DATASET EXCERPTS START

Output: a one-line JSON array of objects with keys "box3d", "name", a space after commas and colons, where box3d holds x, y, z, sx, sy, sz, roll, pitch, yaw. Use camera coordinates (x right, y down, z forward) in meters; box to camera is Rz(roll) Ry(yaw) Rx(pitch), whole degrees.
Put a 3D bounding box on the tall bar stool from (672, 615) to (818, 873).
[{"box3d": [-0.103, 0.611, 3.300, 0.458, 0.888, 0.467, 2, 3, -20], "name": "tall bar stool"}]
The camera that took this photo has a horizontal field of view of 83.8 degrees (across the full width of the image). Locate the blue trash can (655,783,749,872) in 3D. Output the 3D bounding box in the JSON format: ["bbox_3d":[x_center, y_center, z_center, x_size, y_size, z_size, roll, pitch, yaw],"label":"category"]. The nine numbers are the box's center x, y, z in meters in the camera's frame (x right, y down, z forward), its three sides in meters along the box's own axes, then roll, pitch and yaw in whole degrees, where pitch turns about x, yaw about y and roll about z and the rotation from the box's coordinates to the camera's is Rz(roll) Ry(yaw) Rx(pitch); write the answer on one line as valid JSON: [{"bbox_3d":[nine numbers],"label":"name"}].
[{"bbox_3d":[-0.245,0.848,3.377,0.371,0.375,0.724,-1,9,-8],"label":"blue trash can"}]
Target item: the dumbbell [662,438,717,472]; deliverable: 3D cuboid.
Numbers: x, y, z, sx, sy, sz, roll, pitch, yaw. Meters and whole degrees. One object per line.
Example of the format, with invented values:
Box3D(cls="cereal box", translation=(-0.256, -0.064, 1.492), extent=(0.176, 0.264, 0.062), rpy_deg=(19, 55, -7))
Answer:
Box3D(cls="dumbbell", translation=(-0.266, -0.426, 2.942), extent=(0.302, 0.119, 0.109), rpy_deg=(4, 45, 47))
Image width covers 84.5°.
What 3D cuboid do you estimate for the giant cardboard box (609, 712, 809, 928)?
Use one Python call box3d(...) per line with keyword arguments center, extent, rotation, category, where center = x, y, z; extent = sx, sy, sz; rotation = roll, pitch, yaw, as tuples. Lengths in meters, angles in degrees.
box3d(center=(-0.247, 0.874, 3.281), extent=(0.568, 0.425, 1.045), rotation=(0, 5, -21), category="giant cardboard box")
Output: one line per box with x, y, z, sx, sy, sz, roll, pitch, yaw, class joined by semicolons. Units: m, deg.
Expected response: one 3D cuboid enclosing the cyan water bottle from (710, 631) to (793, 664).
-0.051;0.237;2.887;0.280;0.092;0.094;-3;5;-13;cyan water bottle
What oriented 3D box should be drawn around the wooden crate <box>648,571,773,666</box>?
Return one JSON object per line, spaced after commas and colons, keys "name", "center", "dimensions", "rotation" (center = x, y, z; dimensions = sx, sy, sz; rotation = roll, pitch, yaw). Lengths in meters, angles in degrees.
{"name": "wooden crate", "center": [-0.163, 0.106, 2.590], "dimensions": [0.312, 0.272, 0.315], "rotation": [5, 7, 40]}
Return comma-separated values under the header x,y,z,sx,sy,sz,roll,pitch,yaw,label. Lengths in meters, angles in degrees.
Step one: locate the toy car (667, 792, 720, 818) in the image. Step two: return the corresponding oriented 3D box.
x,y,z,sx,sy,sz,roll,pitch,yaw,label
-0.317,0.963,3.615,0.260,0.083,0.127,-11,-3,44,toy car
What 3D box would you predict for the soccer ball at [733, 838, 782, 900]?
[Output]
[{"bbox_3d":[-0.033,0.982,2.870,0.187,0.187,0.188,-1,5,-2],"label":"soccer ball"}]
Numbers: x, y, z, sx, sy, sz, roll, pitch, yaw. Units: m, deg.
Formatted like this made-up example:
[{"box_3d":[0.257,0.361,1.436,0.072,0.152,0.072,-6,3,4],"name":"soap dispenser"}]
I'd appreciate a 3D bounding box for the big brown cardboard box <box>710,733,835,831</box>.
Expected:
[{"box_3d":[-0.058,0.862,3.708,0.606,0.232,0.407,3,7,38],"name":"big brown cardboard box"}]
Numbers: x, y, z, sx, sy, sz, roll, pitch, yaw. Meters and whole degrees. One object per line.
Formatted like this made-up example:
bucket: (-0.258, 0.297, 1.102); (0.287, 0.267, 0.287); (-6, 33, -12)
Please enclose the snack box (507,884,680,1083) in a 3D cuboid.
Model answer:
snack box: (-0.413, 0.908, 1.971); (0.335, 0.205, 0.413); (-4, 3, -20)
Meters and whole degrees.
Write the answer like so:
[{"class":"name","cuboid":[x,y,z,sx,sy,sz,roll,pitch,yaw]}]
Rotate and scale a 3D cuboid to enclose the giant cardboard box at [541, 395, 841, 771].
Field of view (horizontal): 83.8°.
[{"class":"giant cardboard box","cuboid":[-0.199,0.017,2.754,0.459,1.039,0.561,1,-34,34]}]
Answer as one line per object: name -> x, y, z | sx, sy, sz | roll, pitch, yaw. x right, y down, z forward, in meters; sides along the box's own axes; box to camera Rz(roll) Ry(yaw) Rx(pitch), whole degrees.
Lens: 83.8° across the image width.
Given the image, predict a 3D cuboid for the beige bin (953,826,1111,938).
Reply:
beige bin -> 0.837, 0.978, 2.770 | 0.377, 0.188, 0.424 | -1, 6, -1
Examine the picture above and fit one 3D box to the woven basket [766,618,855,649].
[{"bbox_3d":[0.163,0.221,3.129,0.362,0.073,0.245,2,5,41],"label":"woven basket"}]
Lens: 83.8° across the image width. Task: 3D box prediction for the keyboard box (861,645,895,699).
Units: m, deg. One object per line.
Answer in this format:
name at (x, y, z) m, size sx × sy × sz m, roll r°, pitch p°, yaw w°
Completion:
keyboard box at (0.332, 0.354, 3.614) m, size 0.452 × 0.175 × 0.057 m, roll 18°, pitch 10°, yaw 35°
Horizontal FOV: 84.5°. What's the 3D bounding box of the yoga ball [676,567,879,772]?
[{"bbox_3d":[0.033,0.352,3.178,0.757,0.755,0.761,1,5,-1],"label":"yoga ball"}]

DATASET EXCERPTS END

WORK REQUIRED ->
What you return should be the records above, repeated exactly.

EXERCISE RESPONSE ->
Output: a one-line JSON array of objects with keys "box3d", "name", a space after commas and colons, where box3d holds x, y, z, sx, sy, sz, roll, pitch, yaw. Use camera coordinates (x right, y down, z forward) in meters; box to camera is Rz(roll) Ry(yaw) Rx(pitch), whole degrees.
Put a 3D bounding box on the tall bar stool from (672, 615) to (818, 873).
[{"box3d": [-0.103, 0.611, 3.300, 0.458, 0.888, 0.467, 2, 3, -20], "name": "tall bar stool"}]
The camera that took this photo has a horizontal field of view of 83.8 degrees (across the full width of the image). Locate the blue trash can (655,783,749,872) in 3D. Output the 3D bounding box in the JSON format: ["bbox_3d":[x_center, y_center, z_center, x_size, y_size, z_size, roll, pitch, yaw],"label":"category"]. The nine numbers are the box's center x, y, z in meters in the camera's frame (x right, y down, z forward), its three sides in meters along the box's own axes, then roll, pitch and yaw in whole degrees, where pitch turns about x, yaw about y and roll about z and the rotation from the box's coordinates to the camera's is Rz(roll) Ry(yaw) Rx(pitch); write the answer on one line as valid JSON: [{"bbox_3d":[nine numbers],"label":"name"}].
[{"bbox_3d":[-0.245,0.848,3.377,0.371,0.375,0.724,-1,9,-8],"label":"blue trash can"}]
Target item: the dumbbell [662,438,717,472]; deliverable: 3D cuboid.
Numbers: x, y, z, sx, sy, sz, roll, pitch, yaw. Meters and whole degrees. One object per line.
Example of the format, with invented values:
Box3D(cls="cereal box", translation=(-0.256, -0.064, 1.492), extent=(0.176, 0.264, 0.062), rpy_deg=(19, 55, -7))
Answer:
Box3D(cls="dumbbell", translation=(-0.266, -0.426, 2.942), extent=(0.302, 0.119, 0.109), rpy_deg=(4, 45, 47))
Image width covers 84.5°.
What 3D cuboid do you estimate for the giant cardboard box (609, 712, 809, 928)?
Use one Python call box3d(...) per line with keyword arguments center, extent, rotation, category, where center = x, y, z; extent = sx, sy, sz; rotation = roll, pitch, yaw, as tuples. Lengths in meters, angles in degrees.
box3d(center=(-0.247, 0.874, 3.281), extent=(0.568, 0.425, 1.045), rotation=(0, 5, -21), category="giant cardboard box")
Output: one line per box with x, y, z, sx, sy, sz, roll, pitch, yaw, class joined by semicolons. Units: m, deg.
Expected response: one 3D cuboid enclosing the cyan water bottle from (710, 631) to (793, 664).
-0.051;0.237;2.887;0.280;0.092;0.094;-3;5;-13;cyan water bottle
What oriented 3D box should be drawn around the wooden crate <box>648,571,773,666</box>?
Return one JSON object per line, spaced after commas and colons, keys "name", "center", "dimensions", "rotation" (center = x, y, z; dimensions = sx, sy, sz; rotation = roll, pitch, yaw). Lengths in meters, angles in degrees.
{"name": "wooden crate", "center": [-0.163, 0.106, 2.590], "dimensions": [0.312, 0.272, 0.315], "rotation": [5, 7, 40]}
Return comma-separated values under the header x,y,z,sx,sy,sz,roll,pitch,yaw,label. Lengths in meters, angles in degrees.
Step one: locate the toy car (667, 792, 720, 818) in the image. Step two: return the corresponding oriented 3D box.
x,y,z,sx,sy,sz,roll,pitch,yaw,label
-0.317,0.963,3.615,0.260,0.083,0.127,-11,-3,44,toy car
What 3D box would you predict for the soccer ball at [733, 838, 782, 900]?
[Output]
[{"bbox_3d":[-0.033,0.982,2.870,0.187,0.187,0.188,-1,5,-2],"label":"soccer ball"}]
Numbers: x, y, z, sx, sy, sz, roll, pitch, yaw. Units: m, deg.
Formatted like this made-up example:
[{"box_3d":[0.257,0.361,1.436,0.072,0.152,0.072,-6,3,4],"name":"soap dispenser"}]
I'd appreciate a 3D bounding box for the big brown cardboard box <box>710,733,835,831</box>.
Expected:
[{"box_3d":[-0.058,0.862,3.708,0.606,0.232,0.407,3,7,38],"name":"big brown cardboard box"}]
Numbers: x, y, z, sx, sy, sz, roll, pitch, yaw. Meters and whole degrees. One object per line.
Formatted like this made-up example:
bucket: (-0.258, 0.297, 1.102); (0.287, 0.267, 0.287); (-6, 33, -12)
Please enclose the snack box (507,884,680,1083) in a 3D cuboid.
Model answer:
snack box: (-0.413, 0.908, 1.971); (0.335, 0.205, 0.413); (-4, 3, -20)
Meters and whole degrees.
Write the answer like so:
[{"class":"name","cuboid":[x,y,z,sx,sy,sz,roll,pitch,yaw]}]
Rotate and scale a 3D cuboid to enclose the giant cardboard box at [541, 395, 841, 771].
Field of view (horizontal): 83.8°.
[{"class":"giant cardboard box","cuboid":[-0.199,0.017,2.754,0.459,1.039,0.561,1,-34,34]}]
Answer as one line per object: name -> x, y, z | sx, sy, sz | roll, pitch, yaw. x right, y down, z forward, in meters; sides along the box's own axes; box to camera Rz(roll) Ry(yaw) Rx(pitch), whole degrees.
Lens: 83.8° across the image width.
Given the image, predict a 3D cuboid for the beige bin (953,826,1111,938).
Reply:
beige bin -> 0.837, 0.978, 2.770 | 0.377, 0.188, 0.424 | -1, 6, -1
Examine the picture above and fit one 3D box to the woven basket [766,618,855,649].
[{"bbox_3d":[0.163,0.221,3.129,0.362,0.073,0.245,2,5,41],"label":"woven basket"}]
Lens: 83.8° across the image width. Task: 3D box prediction for the keyboard box (861,645,895,699).
Units: m, deg. One object per line.
Answer in this format:
name at (x, y, z) m, size sx × sy × sz m, roll r°, pitch p°, yaw w°
Completion:
keyboard box at (0.332, 0.354, 3.614) m, size 0.452 × 0.175 × 0.057 m, roll 18°, pitch 10°, yaw 35°
Horizontal FOV: 84.5°. What's the 3D bounding box of the yoga ball [676,567,879,772]?
[{"bbox_3d":[0.033,0.352,3.178,0.757,0.755,0.761,1,5,-1],"label":"yoga ball"}]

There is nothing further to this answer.